Jest to preferowany i zalecany przeze mnie sposób tworzenia własnych funkcji straty.

In [None]:
from keras import losses, applications, ops, models, datasets
from typing import Literal, Sequence


class VGGFeatureMatchingLoss(losses.Loss):
    def __init__(
        self,
        vgg_model: Literal["VGG16", "VGG19"] = "VGG19",
        encoder_layers: Sequence[str] = [
            "block1_conv1",
            "block2_conv1",
            "block3_conv1",
            "block4_conv1",
            "block5_conv1",
        ],
        layer_weights: Sequence[float] = [1.0 / 32, 1.0 / 16, 1.0 / 8, 1.0 / 4, 1],
        diff_fn=losses.MeanAbsoluteError(),
        resize: bool = True,
        **kwargs,
    ):
        super(VGGFeatureMatchingLoss, self).__init__(**kwargs)

        self.weights = layer_weights
        self.resize = resize
        self.diff_fn = diff_fn

        if vgg_model == "VGG16":
            vgg = applications.VGG16(include_top=False, weights="imagenet")
            self.preprocess = applications.vgg16.preprocess_input
        elif vgg_model == "VGG19":
            vgg = applications.VGG19(include_top=False, weights="imagenet")
            self.preprocess = applications.vgg19.preprocess_input
        else:
            raise ValueError("Invalid VGG model")

        layer_outputs = [vgg.get_layer(x).output for x in encoder_layers]
        self.vgg_model = models.Model(vgg.input, layer_outputs, name=vgg_model)
        self.vgg_model.trainable = False

    def call(self, y_true, y_pred):
        y_true, y_pred = 127.5 * (y_true + 1), 127.5 * (y_pred + 1)

        if self.resize:
            y_true = ops.image.resize(
                y_true, (224, 224), interpolation="bilinear", antialias=True
            )
            y_pred = ops.image.resize(
                y_pred, (224, 224), interpolation="bilinear", antialias=True
            )

        if y_true.shape[-1] == 1 and y_pred.shape[-1] == 1:
            y_true = ops.repeat(y_true, 3, axis=-1)
            y_pred = ops.repeat(y_pred, 3, axis=-1)

        y_true = self.preprocess(y_true)
        y_pred = self.preprocess(y_pred)

        real_features = self.vgg_model(y_true)
        fake_features = self.vgg_model(y_pred)

        loss = 0.0
        for i, w in enumerate(self.weights):
            real, fake = real_features[i], fake_features[i]
            loss += w * self.diff_fn(real, fake)

        return loss


(x_train, _), _ = datasets.cifar10.load_data()

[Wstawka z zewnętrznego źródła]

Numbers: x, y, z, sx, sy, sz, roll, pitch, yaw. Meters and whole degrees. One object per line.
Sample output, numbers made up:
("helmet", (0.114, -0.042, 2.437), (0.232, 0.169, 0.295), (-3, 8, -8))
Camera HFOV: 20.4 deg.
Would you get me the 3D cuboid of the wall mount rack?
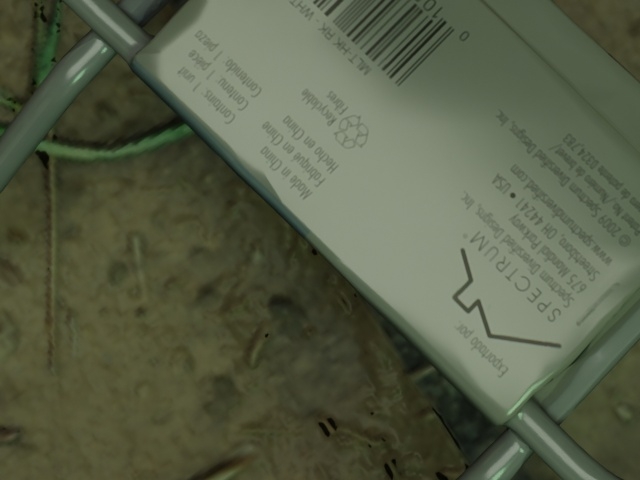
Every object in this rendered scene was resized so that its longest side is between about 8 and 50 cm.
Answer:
("wall mount rack", (0.000, 0.000, 0.646), (0.350, 0.130, 0.304), (44, 85, 2))
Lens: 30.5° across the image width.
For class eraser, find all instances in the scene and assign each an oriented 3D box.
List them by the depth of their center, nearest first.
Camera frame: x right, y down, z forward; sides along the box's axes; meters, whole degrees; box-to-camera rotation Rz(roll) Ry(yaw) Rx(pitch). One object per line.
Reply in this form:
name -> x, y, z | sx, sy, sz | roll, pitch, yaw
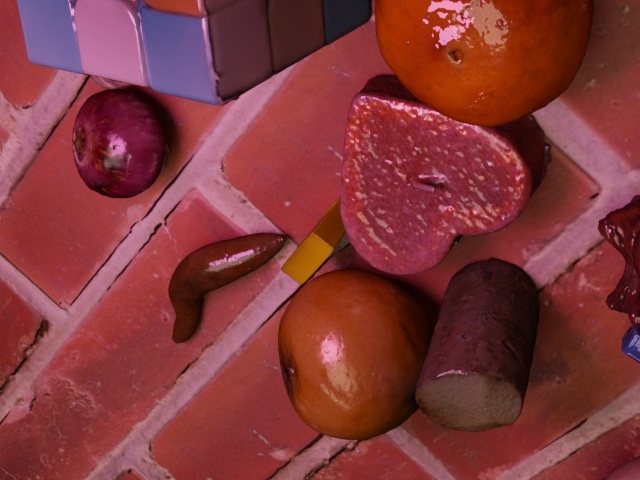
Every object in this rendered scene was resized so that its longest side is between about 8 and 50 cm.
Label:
eraser -> 0.000, 0.000, 1.823 | 0.045, 0.122, 0.097 | 39, 127, -2

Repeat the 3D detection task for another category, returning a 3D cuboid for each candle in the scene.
candle -> 0.148, -0.108, 1.690 | 0.317, 0.131, 0.287 | -28, 101, 34

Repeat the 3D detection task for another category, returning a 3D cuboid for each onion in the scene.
onion -> -0.317, -0.154, 1.863 | 0.153, 0.177, 0.177 | -20, 115, -13

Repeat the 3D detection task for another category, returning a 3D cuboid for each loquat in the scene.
loquat -> 0.049, 0.175, 1.820 | 0.263, 0.263, 0.263 | 12, 122, 19

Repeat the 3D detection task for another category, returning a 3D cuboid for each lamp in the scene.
lamp -> 0.498, 0.030, 1.606 | 0.223, 0.151, 0.215 | -147, 43, -63

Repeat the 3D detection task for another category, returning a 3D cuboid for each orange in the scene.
orange -> 0.205, -0.282, 1.501 | 0.284, 0.226, 0.284 | 15, 126, 22

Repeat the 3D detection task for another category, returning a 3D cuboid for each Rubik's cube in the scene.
Rubik's cube -> -0.168, -0.408, 1.489 | 0.344, 0.347, 0.346 | 16, 124, 31

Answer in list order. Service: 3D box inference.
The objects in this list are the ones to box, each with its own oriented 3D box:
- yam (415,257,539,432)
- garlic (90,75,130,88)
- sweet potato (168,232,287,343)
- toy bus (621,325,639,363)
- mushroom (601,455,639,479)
yam -> 0.236, 0.160, 1.730 | 0.161, 0.268, 0.161 | 8, 128, 11
garlic -> -0.318, -0.307, 1.807 | 0.159, 0.102, 0.147 | 32, 132, 35
sweet potato -> -0.193, 0.070, 1.984 | 0.108, 0.079, 0.346 | 36, 131, -13
toy bus -> 0.515, 0.179, 1.724 | 0.153, 0.061, 0.051 | 34, 121, 6
mushroom -> 0.550, 0.493, 1.744 | 0.362, 0.294, 0.362 | 10, 122, 17

x_train = x_train[:16].astype("float32") / 127.5 - 1

loss = VGGFeatureMatchingLoss(resize=True)

loss(x_train, x_train), loss(x_train[:8], x_train[8:])


[0.03125, 0.0625, 0.125, 0.25, 1]


(<tf.Tensor: shape=(), dtype=float32, numpy=0.0>,
 <tf.Tensor: shape=(), dtype=float32, numpy=148.60935974121094>)